Personal information
- Full name: Stephen David Williams
- Nationality: Great Britain
- Born: 15 April 1976 (age 50) Royal Leamington Spa, United Kingdom
- Education: Oxford Brookes University
- Height: 1.89 m (6 ft 2 in)

Medal record
Men's rowing
Representing Great Britain
Olympic Games
| Gold medal – first place | 2004 Athens | Coxless four |
| Gold medal – first place | 2008 Beijing | Coxless four |
World Championships
| Gold medal – first place | 2000 Zagreb | Coxed four |
| Gold medal – first place | 2001 Lucerne | Coxless four |
| Gold medal – first place | 2005 Gifu | Coxless four |
| Gold medal – first place | 2006 Eton | Coxless four |
| Silver medal – second place | 2002 Seville | Coxless four |
| Silver medal – second place | 2003 Milan | Coxless four |

= Steve Williams (rower) =

English rower

Stephen David Williams (born 15 April 1976 in Leamington Spa) is an English rower and double Olympic champion. In April and May 2011, Williams walked to the North Pole and achieved the summit of Mount Everest.

== Education ==
Williams was educated at Monkton Combe School, Bath, where he began rowing aged 13. He attended Oxford Brookes University where he studied History and Town planning.

== International career ==
Williams made his full international debut in 1998 at the age of 22. He partnered Fred Scarlett in the coxless pair, and came sixth in his first world championships. A year later he partnered Simon Dennis in the same event, this time finishing fifth. In 2000 both Scarlett and Dennis won seats in the GB Eight for the Olympics in Sydney but Williams just missed out, and instead was a member of the Coxed Four which won a gold medal at the World Championships in Zagreb for non-Olympic events.
In 2001 he was again world champion, this time in the Coxless Four, and won the silver medal in the same discipline in both 2002 and 2003.

With Matthew Pinsent, James Cracknell and Ed Coode, Williams won Olympic gold at the 2004 Summer Olympics in Athens in the men's coxless four.

Williams was the only member of the 2004 Olympic crew to continue racing in the 2005 season, joining Alex Partridge, Pete Reed and Andrew Triggs Hodge in the coxless four, again winning the World Championship that year and in 2006, before coming in fourth at the 2007 world championships. In 2008, Partridge was replaced in the four by Cambridge Blue Tom James, and - despite an injury-torn season - the quartet became Olympic Champions, defeating the Australian boat by 1.28s on the day dubbed 'Super Saturday' by the media owing to the large GB medal haul. The Australians led for much of the race before a push by the British boat overhauled them in the last 400 m.

== Current occupation ==
Williams was appointed as a fitness consultant to Andy Liddell for Ipswich Town Football Club on 3 July 2012.
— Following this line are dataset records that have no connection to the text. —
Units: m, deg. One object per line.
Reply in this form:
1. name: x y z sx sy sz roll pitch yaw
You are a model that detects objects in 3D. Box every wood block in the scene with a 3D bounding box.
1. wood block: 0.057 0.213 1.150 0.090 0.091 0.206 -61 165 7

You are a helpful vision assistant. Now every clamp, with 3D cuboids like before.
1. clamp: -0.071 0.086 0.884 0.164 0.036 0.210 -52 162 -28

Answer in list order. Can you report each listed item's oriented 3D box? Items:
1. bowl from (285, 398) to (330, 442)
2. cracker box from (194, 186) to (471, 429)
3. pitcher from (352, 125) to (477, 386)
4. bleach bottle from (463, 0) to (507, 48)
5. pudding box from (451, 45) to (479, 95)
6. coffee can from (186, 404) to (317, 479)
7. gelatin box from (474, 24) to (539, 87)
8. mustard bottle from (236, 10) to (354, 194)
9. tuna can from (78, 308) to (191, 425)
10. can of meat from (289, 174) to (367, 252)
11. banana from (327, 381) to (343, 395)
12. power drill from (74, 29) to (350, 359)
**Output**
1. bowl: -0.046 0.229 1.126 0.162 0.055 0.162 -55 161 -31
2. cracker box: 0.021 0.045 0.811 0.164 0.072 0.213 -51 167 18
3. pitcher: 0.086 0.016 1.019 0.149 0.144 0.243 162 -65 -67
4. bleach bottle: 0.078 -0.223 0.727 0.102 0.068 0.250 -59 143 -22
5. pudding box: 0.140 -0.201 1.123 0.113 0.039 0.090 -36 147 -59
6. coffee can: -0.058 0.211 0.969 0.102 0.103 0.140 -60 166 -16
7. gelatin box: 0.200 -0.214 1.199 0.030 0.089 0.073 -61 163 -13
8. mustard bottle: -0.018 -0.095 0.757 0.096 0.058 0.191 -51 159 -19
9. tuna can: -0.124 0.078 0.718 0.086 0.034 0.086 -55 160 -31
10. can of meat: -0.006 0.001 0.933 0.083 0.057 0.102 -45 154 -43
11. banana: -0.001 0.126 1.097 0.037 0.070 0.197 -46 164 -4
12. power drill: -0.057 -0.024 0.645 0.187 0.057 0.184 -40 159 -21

Having been appointed a Member of the Order of the British Empire (MBE) in the 2005 New Year Honours, Williams was promoted to Officer of the Order of the British Empire (OBE) in the 2009 New Year Honours.

On 22 January 2010 he announced his retirement from rowing.
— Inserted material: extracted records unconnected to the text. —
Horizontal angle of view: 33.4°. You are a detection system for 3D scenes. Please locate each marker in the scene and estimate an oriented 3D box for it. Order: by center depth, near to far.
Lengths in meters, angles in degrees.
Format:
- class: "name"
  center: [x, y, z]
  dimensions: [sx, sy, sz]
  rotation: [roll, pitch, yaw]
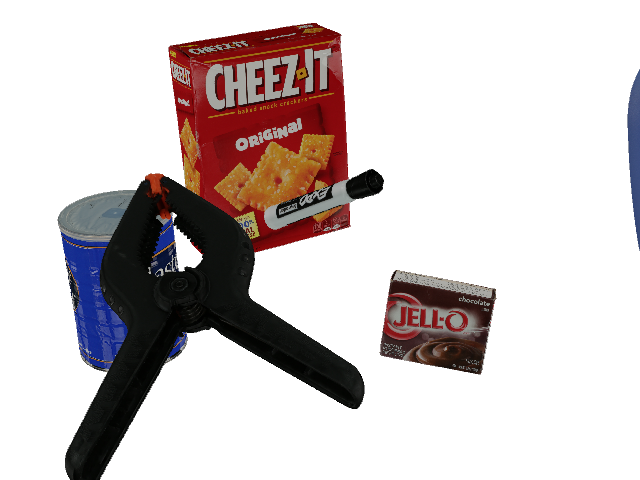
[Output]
- class: "marker"
  center: [0.002, -0.031, 0.816]
  dimensions: [0.020, 0.020, 0.121]
  rotation: [0, -13, -44]

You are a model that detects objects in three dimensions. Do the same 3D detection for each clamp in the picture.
- class: "clamp"
  center: [-0.068, 0.038, 0.628]
  dimensions: [0.164, 0.210, 0.036]
  rotation: [-10, -41, -1]

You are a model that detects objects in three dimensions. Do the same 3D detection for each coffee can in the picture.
- class: "coffee can"
  center: [-0.181, 0.037, 0.989]
  dimensions: [0.103, 0.140, 0.103]
  rotation: [-3, 25, 1]

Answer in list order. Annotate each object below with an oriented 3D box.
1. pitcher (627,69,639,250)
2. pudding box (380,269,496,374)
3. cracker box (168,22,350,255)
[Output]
- class: "pitcher"
  center: [0.252, -0.018, 0.603]
  dimensions: [0.149, 0.243, 0.144]
  rotation: [-1, 22, 17]
- class: "pudding box"
  center: [0.125, 0.086, 1.139]
  dimensions: [0.113, 0.090, 0.039]
  rotation: [9, 22, 7]
- class: "cracker box"
  center: [-0.056, -0.100, 1.085]
  dimensions: [0.164, 0.214, 0.072]
  rotation: [-14, 26, -23]

He has been welcomed back to Monkton Combe School on several occasions, rowing in a Monkton Bluefriars old boys' boat at a school regatta.

==Achievements==
- Olympic Medals: 2 Gold
- World Championship Medals: 4 Gold, 2 Silver

===Olympic Games===
- 2008 – Gold, Coxless Four (with Andy Hodge, Pete Reed, Tom James)
- 2004 – Gold, Coxless Four (with Matthew Pinsent, James Cracknell, Ed Coode)

===World Championships===
- 2007 – 4th, Coxless Four (with Pete Reed, Alex Partridge and Andrew Triggs Hodge)
- 2006 – Gold, Coxless Four (with Pete Reed, Alex Partridge and Andrew Triggs Hodge)
- 2005 – Gold, Coxless Four (with Pete Reed, Alex Partridge and Andrew Triggs Hodge)
- 2003 – Silver, Coxless Four (with Josh West, Rick Dunn and Toby Garbett)
- 2002 – Silver, Coxless Four (with Josh West, Rick Dunn and Toby Garbett)
- 2001 – Gold, Coxless Four (with Ed Coode, Rick Dunn and Toby Garbett)
- 2000 – Gold, Coxed Four (with Alistair Potts, Rick Dunn, Toby Garbett and Graham Smith)
- 1999 – 5th, Coxless Pair (with Simon Dennis)
- 1998 – 6th, Coxless Pair (with Fred Scarlett)

==See also==
- Leander Club (where Steve Williams is a member)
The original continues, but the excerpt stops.